A final sendoff for Kyle Trask and his fellow seniors comes on a night when hearts and minds may be elsewhere.

Kentucky vs Florida Photo by Kelly Chase/Collegiate Images/Getty Images

I wanted to make a big deal of the ideal stat line I wanted for Kyle Trask in Florida’s final regular season game against LSU this Saturday night (7 p.m., ESPN or WatchESPN).

I was going to start from the touchdowns: Trask has 38 already this year, and his 39th and 40th will tie and break the record for touchdown passes in a season by a Gator currently held by Danny Wuerffel and set during his magical 1996 campaign. But Trask throwing for nine — implausible, but not impossible, against this LSU defense — would get him the Gators’ single-game record, too, and would also bring some nice symmetry: Trask’s first season ending with Florida at 4-7 and him redshirting and his final season ending with Florida aimed at the College Football Playoff and him in Heisman Trophy contention after 47 touchdown throws in 10 games would be an irresistible detail of his dominance.

Then there’s the yardage. Trask is at 3,243 yards through nine games; a 357-yard performance would get him to 3,600, nice and round. 654 would get him to 3,897, one yard past Rex Grossman’s single-season record — probably a reach for the Gators, even if LSU’s already given up one 600-yard performance this year.
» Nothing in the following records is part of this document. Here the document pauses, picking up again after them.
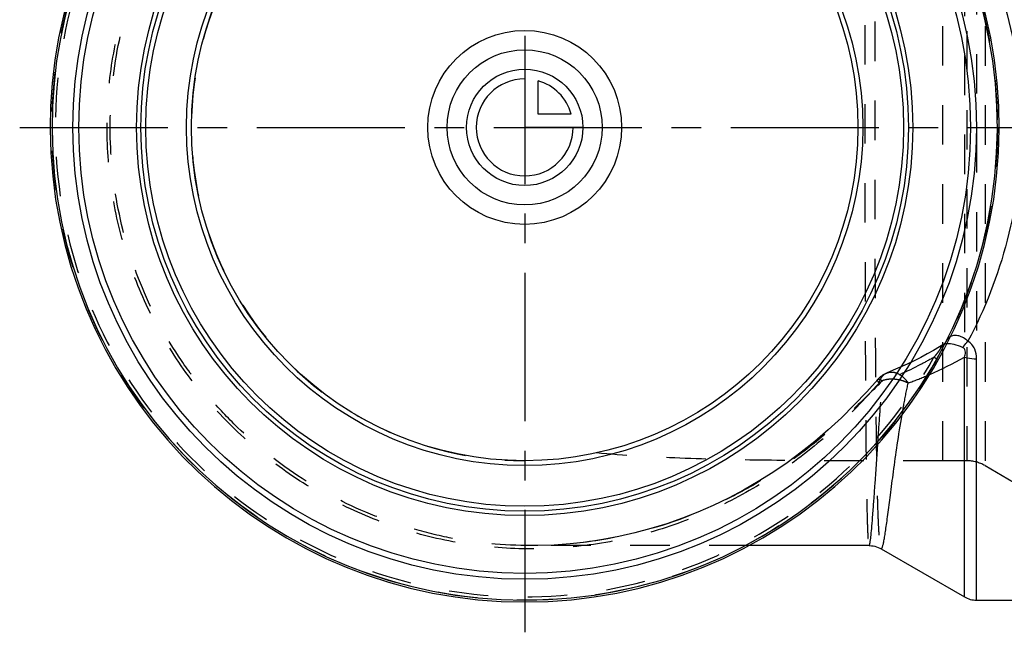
# Model space of a CAD drawing. Header units: millimetres. Extents: x 368 to 632, y 412 to 588.
# Tile 1 of 6: x 368 to 530, y 412 to 513. Entities that reach past the tile are written whole.
import ezdxf

# ---------------------------------------------------------------- set-up
doc = ezdxf.new("R2010")
doc.units = ezdxf.units.MM
doc.header["$LTSCALE"] = 65.185185
doc.linetypes.add('CENTER', pattern=[0.6, 0.375, -0.075, 0.075, -0.075])
doc.linetypes.add('HIDDEN', pattern=[0.2, 0.1, -0.1])
for name, color, linetype in [('ACHSEN_S', 7, 'CONTINUOUS'), ('KOERPER', 7, 'CONTINUOUS'), ('KONST.EL_MIT_GEO', 7, 'CONTINUOUS'), ('KURVEN', 7, 'CONTINUOUS')]:
    doc.layers.add(name, color=color, linetype=linetype)

msp = doc.modelspace()

# ---------------------------------------------------------------- linework, layer by layer
at = {"layer": 'ACHSEN_S', "color": 2, "linetype": 'CENTER'}
for p, q in [((451.15, 588.31), (451.15, 411.69)), ((367.82, 494.99), (632.15, 494.99))]:
    msp.add_line(p, q, dxfattribs=at)
at = {"layer": 'KOERPER', "color": 8, "linetype": 'HIDDEN'}
for p, q in [((520.15, 439.99), (520.15, 549.99)), ((524.12, 439.99), (520.15, 439.99)), ((488.14, 425.99), (452.23, 425.99))]:
    msp.add_line(p, q, dxfattribs=at)
at = {"layer": 'KOERPER', "color": 7, "linetype": 'Continuous'}
for p, q in [((507.97, 425.99), (488.14, 425.99)), ((509.98, 425.46), (523.72, 417.52)), ((525.72, 416.99), (595.65, 416.99))]:
    msp.add_line(p, q, dxfattribs=at)
at = {"layer": 'KOERPER', "color": 8, "linetype": 'HIDDEN'}
msp.add_circle((451.15, 494.99), 78, dxfattribs=at)
msp.add_arc((451.15, 494.99), 55, 89.9999, 270, dxfattribs=at)
msp.add_open_spline([(520.15, 439.99), (515.26, 439.99), (505.53, 439.98), (491.07, 440.03), (476.9, 440.32), (467.57, 440.86), (462.99, 441.28)], degree=3, knots=[0, 0, 0, 0, 0.25649, 0.510167, 0.758595, 1, 1, 1, 1], dxfattribs=at)
at = {"layer": 'KONST.EL_MIT_GEO', "color": 8, "linetype": 'HIDDEN'}
for p, q in [((524.12, 549.99), (524.12, 439.99)), ((527.12, 550.79), (527.12, 439.18)), ((525.72, 533.16), (525.72, 456.81)), ((523.72, 532.9), (523.72, 457.07)), ((520.16, 459.11), (520.16, 459.11)), ((520.72, 459.72), (520.72, 459.72)), ((518.7, 457.07), (519.17, 456.81)), ((509.41, 442.69), (509.44, 443.17)), ((527.12, 439.18), (538.76, 432.47)), ((452.69, 425.99), (452.22, 425.99))]:
    msp.add_line(p, q, dxfattribs=at)
at = {"layer": 'KONST.EL_MIT_GEO', "color": 7, "linetype": 'Continuous'}
for p, q in [((523.72, 417.52), (523.72, 457.07)), ((525.72, 416.99), (525.72, 456.81)), ((508, 425.99), (508.06, 425.99))]:
    msp.add_line(p, q, dxfattribs=at)
at = {"layer": 'KONST.EL_MIT_GEO', "color": 8, "linetype": 'HIDDEN'}
for points in [[(520.16, 459.11), (519.62, 458.78), (518.61, 458.19), (517.57, 457.61), (516.51, 457.04), (515.41, 456.48), (514.29, 455.94), (513.14, 455.42), (511.96, 454.91), (510.95, 454.49)], [(520.72, 459.72), (520.69, 459.66), (520.62, 459.55), (520.54, 459.44), (520.45, 459.34), (520.34, 459.24), (520.24, 459.16), (520.16, 459.11)], [(509.42, 453.4), (507.61, 451.38), (505.54, 449.19), (503.42, 447.09), (501.24, 445.09), (499.02, 443.19), (496.76, 441.38), (494.44, 439.67), (492.09, 438.06), (489.69, 436.55), (487.25, 435.14), (484.79, 433.83), (482.28, 432.62), (479.75, 431.51), (477.19, 430.5), (474.6, 429.59), (471.99, 428.79), (469.35, 428.08), (466.7, 427.48), (464.04, 426.98), (461.36, 426.58), (458.68, 426.28), (455.99, 426.09), (453.3, 426), (452.69, 425.99)]]:
    msp.add_lwpolyline(points, dxfattribs=at)
at = {"layer": 'KONST.EL_MIT_GEO', "color": 7, "linetype": 'Continuous'}
msp.add_lwpolyline([(508.06, 425.99), (508.36, 425.97), (508.65, 425.93), (508.94, 425.88), (509.22, 425.8), (509.49, 425.7), (509.76, 425.58), (509.98, 425.46)], dxfattribs=at)
for radius in [74.56, 73.58, 64.05, 63.33, 62.52, 55.8, 55]:
    msp.add_circle((451.15, 494.99), radius, dxfattribs=at)
for centre, radius, start, end in [((451.15, 494.99), 78.3, 96.152, 83.848), ((451.15, 494.99), 78, 96.1876, 83.8124), ((493.63, 510.44), 61.26, 293.4273, 299.4146), ((525.72, 420.99), 4, 240, 270)]:
    msp.add_arc(centre, radius, start, end, dxfattribs=at)
at = {"layer": 'KONST.EL_MIT_GEO', "color": 8, "linetype": 'HIDDEN'}
for centre, radius, start, end in [((451.15, 494.99), 77.46, 29.3047, 330.6953), ((492.25, 513.53), 64.65, 290.0715, 293.0122), ((492.61, 512.67), 63.72, 293.0156, 293.4746), ((670.2, 420.5), 159.09, 169.9756, 170.2127), ((524.12, 433.99), 6, 60, 90)]:
    msp.add_arc(centre, radius, start, end, dxfattribs=at)
for points, knots in [([(509.63, 452.81), (507.24, 450.08), (502.17, 444.87), (493.58, 438.1), (484.1, 432.59), (473.91, 428.52), (463.21, 426.02), (452.25, 425.17), (441.29, 426.01), (430.59, 428.54), (420.41, 432.7), (411, 438.4), (402.6, 445.5), (395.42, 453.83), (389.64, 463.18), (385.4, 473.33), (382.81, 484.02), (381.94, 494.99), (382.81, 505.95), (385.4, 516.64), (389.64, 526.79), (395.42, 536.15), (402.6, 544.48), (411, 551.58), (420.41, 557.28), (430.59, 561.44), (441.29, 563.96), (452.25, 564.81), (463.21, 563.96), (473.91, 561.46), (484.1, 557.39), (493.58, 551.88), (502.17, 545.11), (507.24, 539.89), (509.63, 537.17)], [0, 0, 0, 0, 0.031016, 0.062174, 0.093393, 0.124641, 0.155905, 0.187176, 0.218453, 0.249733, 0.281014, 0.312296, 0.34358, 0.374863, 0.406147, 0.437431, 0.468716, 0.5, 0.531284, 0.562569, 0.593853, 0.625137, 0.65642, 0.687704, 0.718986, 0.750268, 0.781547, 0.812824, 0.844095, 0.875359, 0.906607, 0.937826, 0.968984, 1, 1, 1, 1]), ([(452.22, 425.99), (447.7, 425.99), (440.88, 426.64), (432.08, 428.82), (423.53, 431.83), (413.45, 437.15), (404.61, 444.34), (398.49, 451.03), (393.05, 458.29), (387.64, 468.32), (383.65, 481.39), (382.3, 494.99), (383.65, 508.59), (387.64, 521.65), (393.05, 531.69), (398.49, 538.95), (404.61, 545.64), (413.45, 552.82), (423.53, 558.14), (432.08, 561.16), (440.88, 563.33), (447.7, 563.99), (452.22, 563.99)], [0, 0, 0, 0, 0.062479, 0.093756, 0.125034, 0.187515, 0.249997, 0.281276, 0.312554, 0.375036, 0.437518, 0.5, 0.562482, 0.624964, 0.687446, 0.718724, 0.750003, 0.812485, 0.874966, 0.906244, 0.937521, 1, 1, 1, 1]), ([(508, 563.99), (507.99, 563.99), (507.96, 563.96), (507.93, 563.85), (507.88, 563.61), (507.84, 563.2), (507.79, 562.63), (507.75, 561.89), (507.71, 561), (507.68, 559.95), (507.63, 558.24), (507.57, 555.72), (507.52, 552.27), (507.47, 548.26), (507.43, 543.73), (507.4, 538.73), (507.37, 533.31), (507.34, 527.51), (507.32, 519.2), (507.3, 508.32), (507.29, 494.99), (507.3, 481.65), (507.32, 470.78), (507.34, 462.46), (507.37, 456.67), (507.4, 451.24), (507.43, 446.24), (507.47, 441.72), (507.52, 437.71), (507.57, 434.26), (507.63, 431.74), (507.68, 430.03), (507.71, 428.98), (507.75, 428.08), (507.79, 427.35), (507.84, 426.78), (507.88, 426.37), (507.93, 426.13), (507.96, 426.02), (507.99, 425.99), (508, 425.99)], [0, 0, 0, 0, 0.000253, 0.000739, 0.002557, 0.005538, 0.009692, 0.015013, 0.021494, 0.029123, 0.037882, 0.058717, 0.083813, 0.112937, 0.145815, 0.182136, 0.221551, 0.263679, 0.308113, 0.402149, 0.5, 0.597851, 0.691887, 0.736321, 0.778449, 0.817864, 0.854185, 0.887063, 0.916187, 0.941283, 0.962118, 0.970877, 0.978506, 0.984987, 0.990308, 0.994462, 0.997443, 0.999261, 0.999747, 1, 1, 1, 1]), ([(509.98, 564.52), (509.96, 564.5), (509.92, 564.46), (509.86, 564.32), (509.8, 564.04), (509.72, 563.58), (509.66, 562.96), (509.6, 562.19), (509.54, 561.26), (509.48, 560.17), (509.41, 558.41), (509.33, 555.84), (509.25, 552.34), (509.18, 548.29), (509.12, 543.73), (509.07, 538.71), (509.03, 533.27), (508.99, 527.47), (508.96, 519.16), (508.93, 508.3), (508.92, 494.99), (508.93, 481.68), (508.96, 470.82), (508.99, 462.51), (509.03, 456.71), (509.07, 451.27), (509.12, 446.25), (509.18, 441.69), (509.25, 437.64), (509.33, 434.13), (509.41, 431.57), (509.48, 429.81), (509.54, 428.72), (509.6, 427.79), (509.66, 427.01), (509.72, 426.39), (509.8, 425.94), (509.86, 425.65), (509.92, 425.51), (509.96, 425.47), (509.98, 425.46)], [0, 0, 0, 0, 0.000456, 0.001147, 0.003338, 0.006654, 0.011111, 0.016705, 0.02343, 0.031274, 0.040221, 0.061345, 0.08662, 0.115816, 0.148664, 0.184858, 0.224059, 0.265895, 0.309968, 0.403133, 0.499999, 0.596865, 0.69003, 0.734104, 0.77594, 0.81514, 0.851335, 0.884183, 0.913379, 0.938654, 0.959779, 0.968725, 0.976569, 0.983294, 0.988889, 0.993345, 0.996662, 0.998853, 0.999544, 1, 1, 1, 1]), ([(521.42, 460.47), (521.27, 460.39), (521, 460.17), (520.8, 459.88), (520.72, 459.72)], [0, 0, 0, 0, 0.489654, 1, 1, 1, 1]), ([(519.82, 458.69), (519.78, 458.57), (519.63, 458.31), (519.36, 457.91), (519.04, 457.49), (518.81, 457.21), (518.7, 457.07)], [0, 0, 0, 0, 0.188326, 0.456389, 0.731594, 1, 1, 1, 1]), ([(519.82, 458.69), (519.92, 458.76), (520.28, 459.04), (520.57, 459.41), (520.72, 459.72)], [0, 0, 0, 0, 0.254869, 1, 1, 1, 1]), ([(520.16, 459.11), (520.08, 459.06), (519.94, 458.94), (519.85, 458.77), (519.82, 458.69)], [0, 0, 0, 0, 0.513376, 1, 1, 1, 1]), ([(520.48, 459.24), (520.45, 459.23), (520.34, 459.2), (520.23, 459.15), (520.16, 459.11)], [0, 0, 0, 0, 0.267342, 1, 1, 1, 1]), ([(520.83, 459.3), (520.8, 459.29), (520.68, 459.28), (520.56, 459.26), (520.48, 459.24)], [0, 0, 0, 0, 0.264985, 1, 1, 1, 1]), ([(518.7, 457.07), (517.97, 456.65), (515.03, 455.04), (511.96, 453.68), (509.63, 452.81)], [0, 0, 0, 0, 0.253716, 1, 1, 1, 1]), ([(509.63, 452.81), (509.58, 452.87), (509.5, 453), (509.41, 453.18), (509.37, 453.35), (509.42, 453.4)], [0, 0, 0, 0, 0.380915, 0.671493, 1, 1, 1, 1]), ([(509.42, 453.4), (509.44, 453.43), (509.54, 453.46), (509.7, 453.42), (509.93, 453.34), (510.09, 453.25), (510.19, 453.2)], [0, 0, 0, 0, 0.126049, 0.324941, 0.616304, 1, 1, 1, 1]), ([(509.63, 452.81), (509.72, 453.18), (510.02, 453.88), (510.63, 454.37), (510.95, 454.49)], [0, 0, 0, 0, 0.530722, 1, 1, 1, 1]), ([(514.44, 452.81), (514.1, 452.97), (513.41, 453.25), (512.3, 453.45), (511.21, 453.46), (510.51, 453.31), (510.19, 453.2)], [0, 0, 0, 0, 0.254363, 0.513517, 0.765532, 1, 1, 1, 1]), ([(510.95, 454.49), (511.23, 454.6), (511.86, 454.69), (512.82, 454.39), (513.72, 453.74), (514.22, 453.14), (514.44, 452.81)], [0, 0, 0, 0, 0.211855, 0.44512, 0.709071, 1, 1, 1, 1]), ([(510.19, 453.2), (508.27, 451.27), (504.4, 447.43), (498.17, 442.12), (491.48, 437.4), (481.96, 432.06), (469.05, 427.36), (458.13, 426.02), (452.69, 425.99)], [0, 0, 0, 0, 0.124996, 0.250035, 0.375108, 0.500213, 0.750101, 1, 1, 1, 1]), ([(509.44, 443.17), (509.56, 444.79), (509.79, 448.14), (510.04, 451.48), (510.19, 453.2)], [0, 0, 0, 0, 0.484014, 1, 1, 1, 1]), ([(513.53, 448.19), (513.6, 448.56), (513.88, 450.11), (514.18, 451.65), (514.44, 452.81)], [0, 0, 0, 0, 0.243969, 1, 1, 1, 1])]:
    msp.add_open_spline(points, degree=3, knots=knots, dxfattribs=at)
at = {"layer": 'KONST.EL_MIT_GEO', "color": 7, "linetype": 'Continuous'}
for points, knots in [([(524.29, 530.25), (527.09, 524.99), (531.59, 513.5), (533.95, 494.99), (531.59, 476.48), (527.09, 464.98), (524.29, 459.72)], [0, 0, 0, 0, 0.244016, 0.5, 0.755984, 1, 1, 1, 1]), ([(524.29, 459.72), (524.06, 459.92), (523.59, 460.27), (522.83, 460.61), (522.08, 460.71), (521.62, 460.58), (521.42, 460.47)], [0, 0, 0, 0, 0.292058, 0.556675, 0.789888, 1, 1, 1, 1]), ([(523.39, 458.69), (522.95, 458.89), (522.12, 459.19), (521.22, 459.33), (520.83, 459.3)], [0, 0, 0, 0, 0.549402, 1, 1, 1, 1]), ([(523.39, 458.69), (523.46, 458.76), (523.78, 459.09), (524.08, 459.44), (524.29, 459.72)], [0, 0, 0, 0, 0.224685, 1, 1, 1, 1]), ([(523.72, 457.07), (523.77, 457.21), (523.86, 457.48), (523.92, 457.92), (523.82, 458.4), (523.55, 458.62), (523.39, 458.69)], [0, 0, 0, 0, 0.23621, 0.474035, 0.721876, 1, 1, 1, 1]), ([(525.72, 456.81), (525.72, 457.36), (525.59, 458.21), (524.99, 459.18), (524.54, 459.56), (524.29, 459.72)], [0, 0, 0, 0, 0.485578, 0.738109, 1, 1, 1, 1]), ([(523.72, 457.07), (523.88, 457.03), (524.53, 456.87), (525.21, 456.81), (525.72, 456.81)], [0, 0, 0, 0, 0.238869, 1, 1, 1, 1]), ([(509.98, 425.46), (509.99, 425.45), (510.04, 425.45), (510.09, 425.51), (510.14, 425.61), (510.2, 425.75), (510.25, 425.94), (510.31, 426.18), (510.38, 426.46), (510.47, 426.94), (510.59, 427.65), (510.74, 428.64), (510.91, 429.81), (511.17, 431.72), (511.53, 434.52), (512.03, 438.36), (512.65, 442.77), (513.14, 445.89), (513.42, 447.54)], [0, 0, 0, 0, 0.002229, 0.005281, 0.010081, 0.016871, 0.025722, 0.036659, 0.049691, 0.064815, 0.101304, 0.146022, 0.198829, 0.259545, 0.403865, 0.577029, 0.776673, 1, 1, 1, 1]), ([(508.08, 426.11), (508.1, 426.18), (508.14, 426.37), (508.23, 426.91), (508.33, 427.86), (508.47, 429.34), (508.62, 431.25), (508.79, 433.57), (509.06, 437.43), (509.26, 440.52), (509.41, 442.69)], [0, 0, 0, 0, 0.014034, 0.034956, 0.097396, 0.186824, 0.302407, 0.443045, 0.607364, 1, 1, 1, 1]), ([(508, 425.99), (508.02, 425.99), (508.05, 426.04), (508.07, 426.08), (508.08, 426.11)], [0, 0, 0, 0, 0.323203, 1, 1, 1, 1])]:
    msp.add_open_spline(points, degree=3, knots=knots, dxfattribs=at)
at = {"layer": 'KONST.EL_MIT_GEO', "color": 8, "linetype": 'HIDDEN'}
msp.add_open_spline([(510.95, 454.49), (510.37, 454.26), (509.83, 453.88), (509.42, 453.4)], degree=3, dxfattribs=at)
at = {"layer": 'KURVEN', "color": 40, "linetype": 'Continuous'}
for p, q in [((451.15, 504.59), (451.15, 494.99)), ((453.35, 497.19), (453.35, 502.68)), ((458.84, 497.19), (453.35, 497.19)), ((460.75, 494.99), (451.15, 494.99))]:
    msp.add_line(p, q, dxfattribs=at)
for radius in [16, 12.8, 9.6]:
    msp.add_circle((451.15, 494.99), radius, dxfattribs=at)
for start, end in [(90, 360), (15.962, 74.038)]:
    msp.add_arc((451.15, 494.99), 8, start, end, dxfattribs=at)

doc.saveas('drawing.dxf')

But 539, somewhat more realistic, would put Trask at 3,782 — one yard ahead of the per-game pace set by 2019 Heisman Trophy winner Joe Burrow’s full 15-game season a year ago, and done only by shattering the Florida single-game record for passing yards along the way. (And if we want to get eerie and sentimental? 445 yards through the air would get Trask to 3,698 — or 3-6-98, his birthday.)

And how many passes would Trask ideally throw for those 539 yards and nine touchdowns, while we’re playing genie with a box score? Well, let’s get Trask over another threshold — the 200.0 one for passer rating. A 28-for-40 night brings him to a season stat line of 258 completions on 362 attempts for the aforementioned yardage and touchdown totals, and that’s good enough to get a 200.2 rating for the year.

Getting greedy and asking for exactly 100 incompletions through 10 games? Well, a 28-for-36 night would get Trask to a 202.5 rating that would again be better than what Burrow posted a year ago, if barely.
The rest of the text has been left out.